• [EXERCISE AIM] Determine how many of the lines below hold the word "object". Give the number and nothing else.

(Records from a data collection)
•••

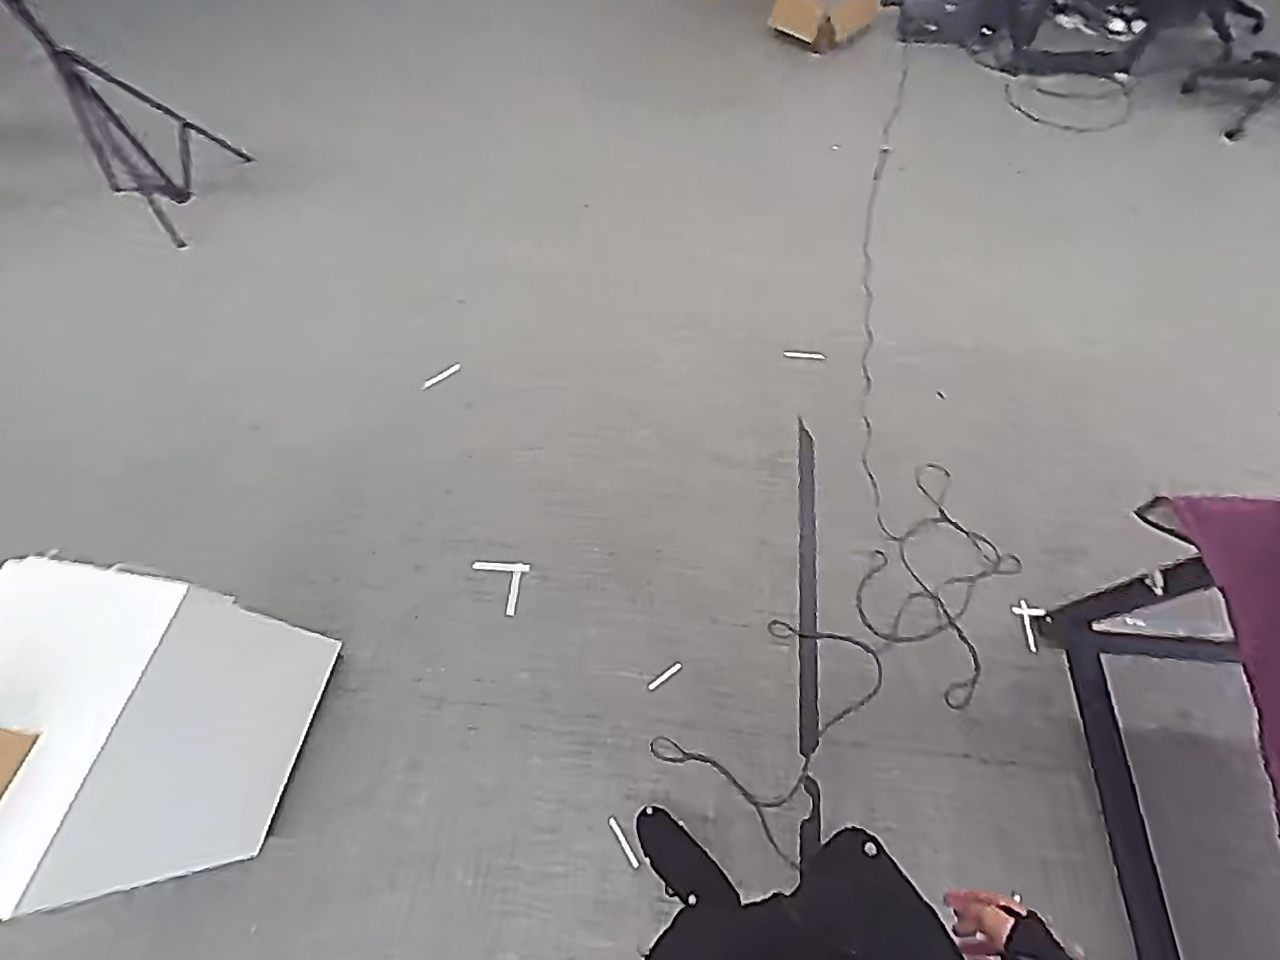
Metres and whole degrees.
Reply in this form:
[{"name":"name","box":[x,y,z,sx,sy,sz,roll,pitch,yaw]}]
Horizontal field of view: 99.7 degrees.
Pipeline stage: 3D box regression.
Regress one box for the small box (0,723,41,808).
[{"name":"small box","box":[-1.107,0.464,0.824,0.168,0.176,0.179,9,63,7]}]
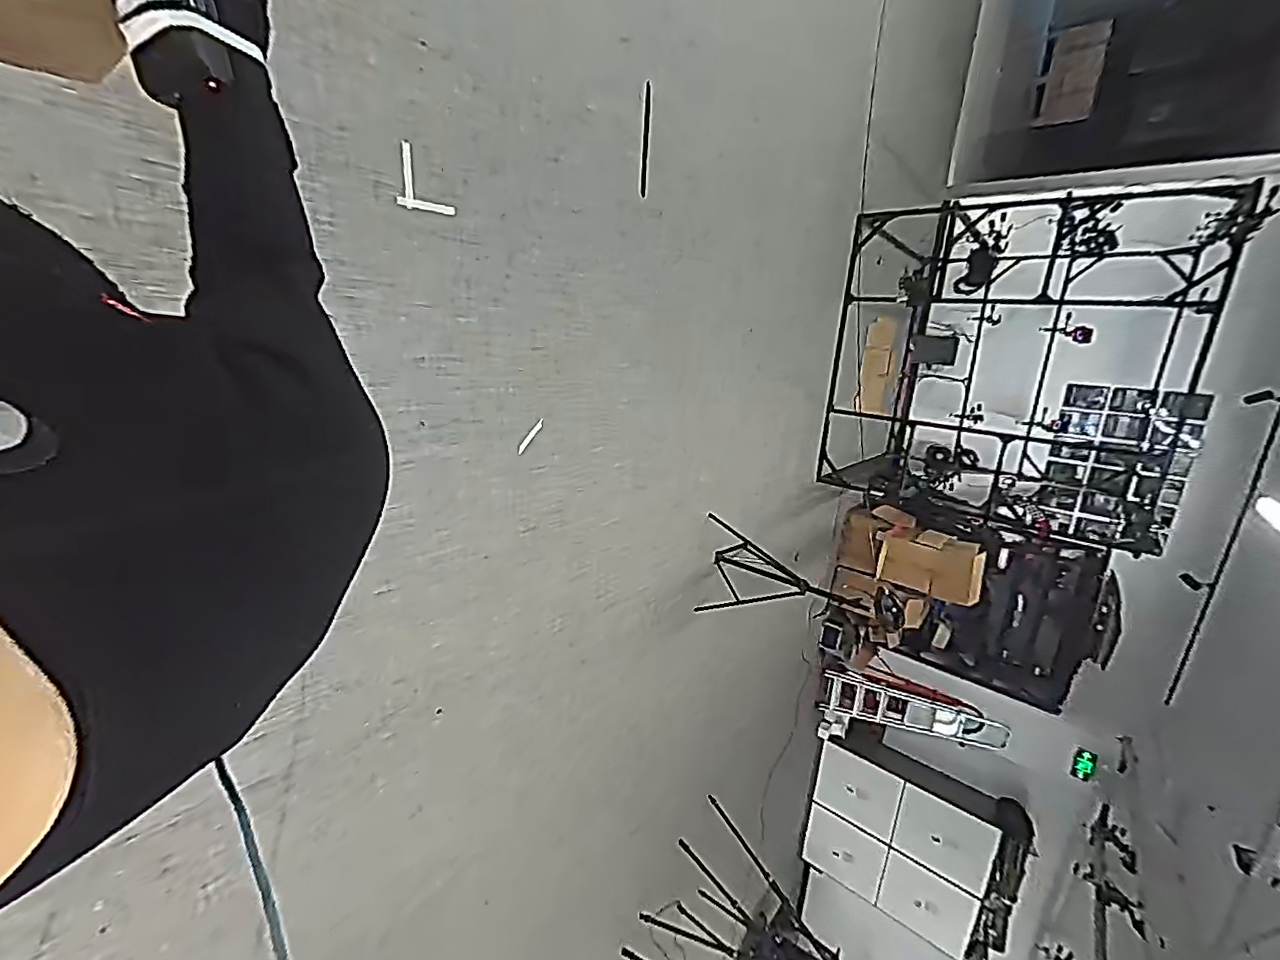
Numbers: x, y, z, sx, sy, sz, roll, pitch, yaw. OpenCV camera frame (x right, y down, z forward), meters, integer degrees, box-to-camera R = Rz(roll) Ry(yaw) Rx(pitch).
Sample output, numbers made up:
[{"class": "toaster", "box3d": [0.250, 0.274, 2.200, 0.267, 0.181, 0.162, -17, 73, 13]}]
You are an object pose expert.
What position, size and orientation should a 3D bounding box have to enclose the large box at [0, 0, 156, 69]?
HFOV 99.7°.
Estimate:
[{"class": "large box", "box3d": [-0.567, -0.484, 0.279, 0.408, 0.320, 0.320, -18, 120, -48]}]
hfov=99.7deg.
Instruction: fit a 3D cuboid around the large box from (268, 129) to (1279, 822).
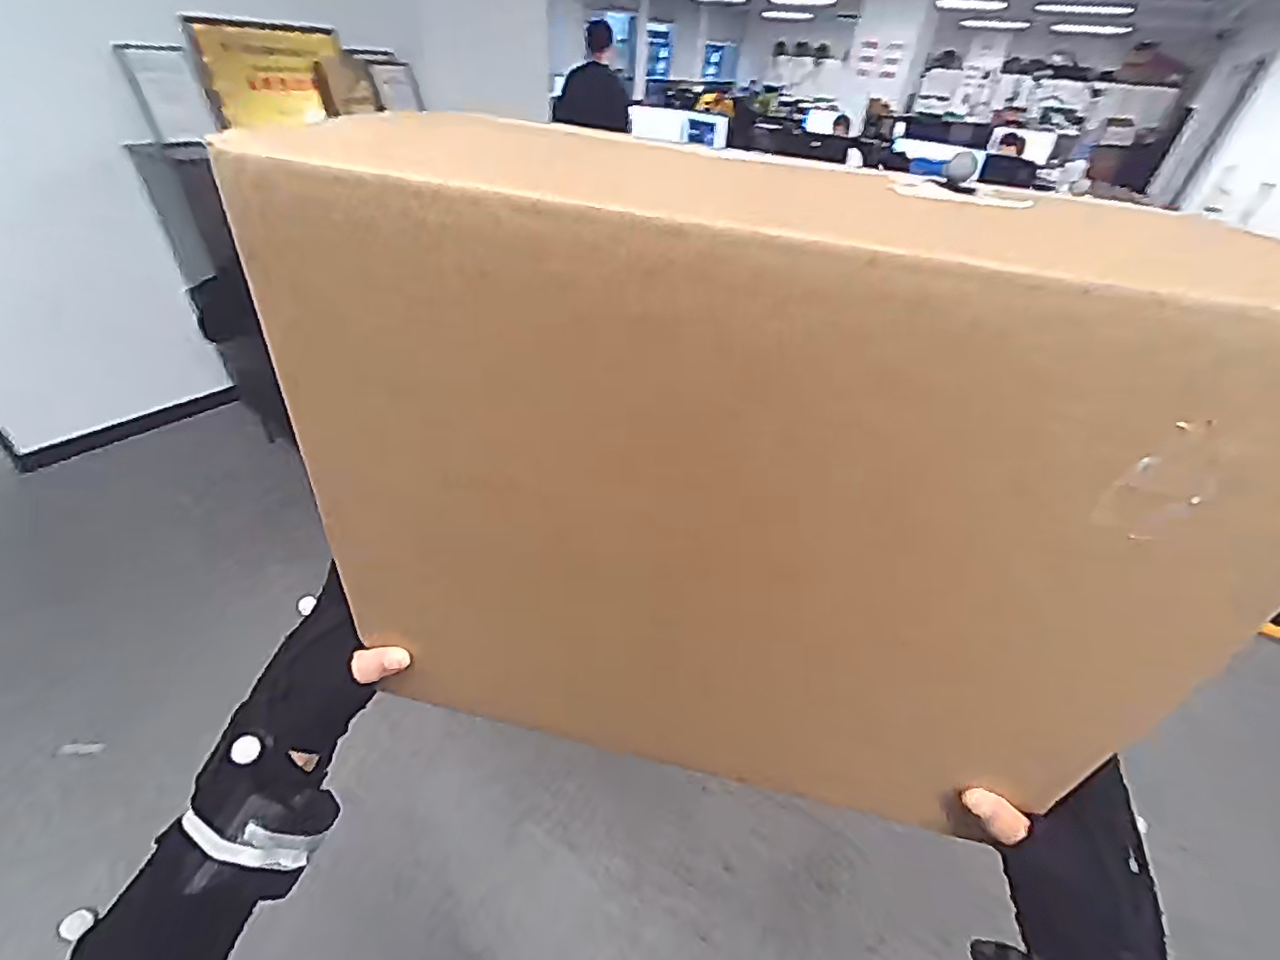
[{"bbox_3d":[0.068,-0.029,0.377,0.408,0.320,0.320,12,36,4],"label":"large box"}]
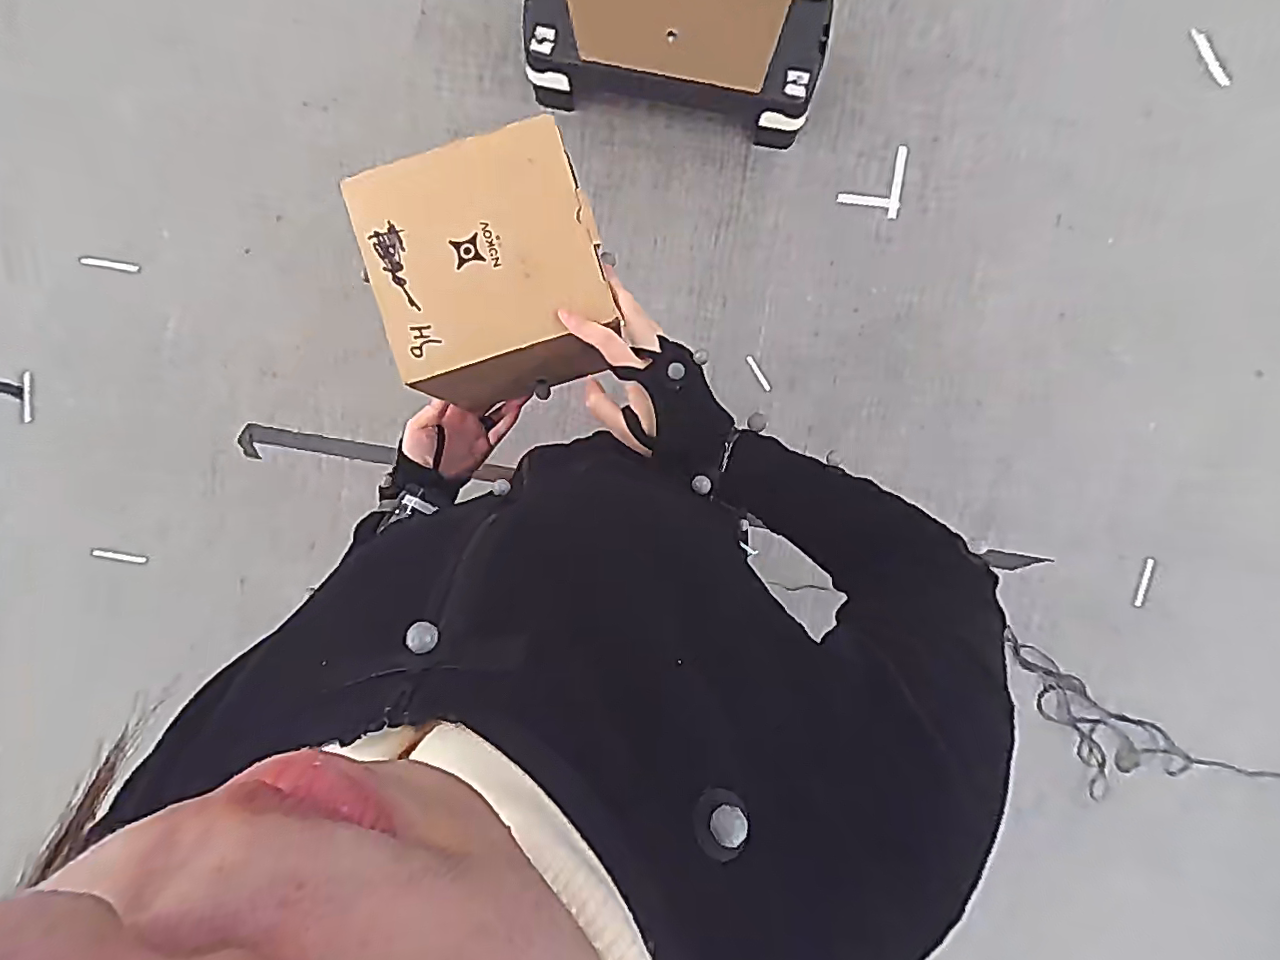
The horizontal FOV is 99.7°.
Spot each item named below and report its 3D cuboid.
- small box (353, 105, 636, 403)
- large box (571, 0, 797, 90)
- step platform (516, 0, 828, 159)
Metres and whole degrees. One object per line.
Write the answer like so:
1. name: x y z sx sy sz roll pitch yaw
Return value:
1. small box: -0.109 -0.178 0.480 0.179 0.176 0.168 -17 89 -1
2. large box: 0.096 -0.996 1.006 0.408 0.320 0.320 10 97 1
3. step platform: 0.069 -1.007 1.246 0.684 0.204 0.286 15 98 0

•••

• [ANSWER TO THIS EXERCISE] 2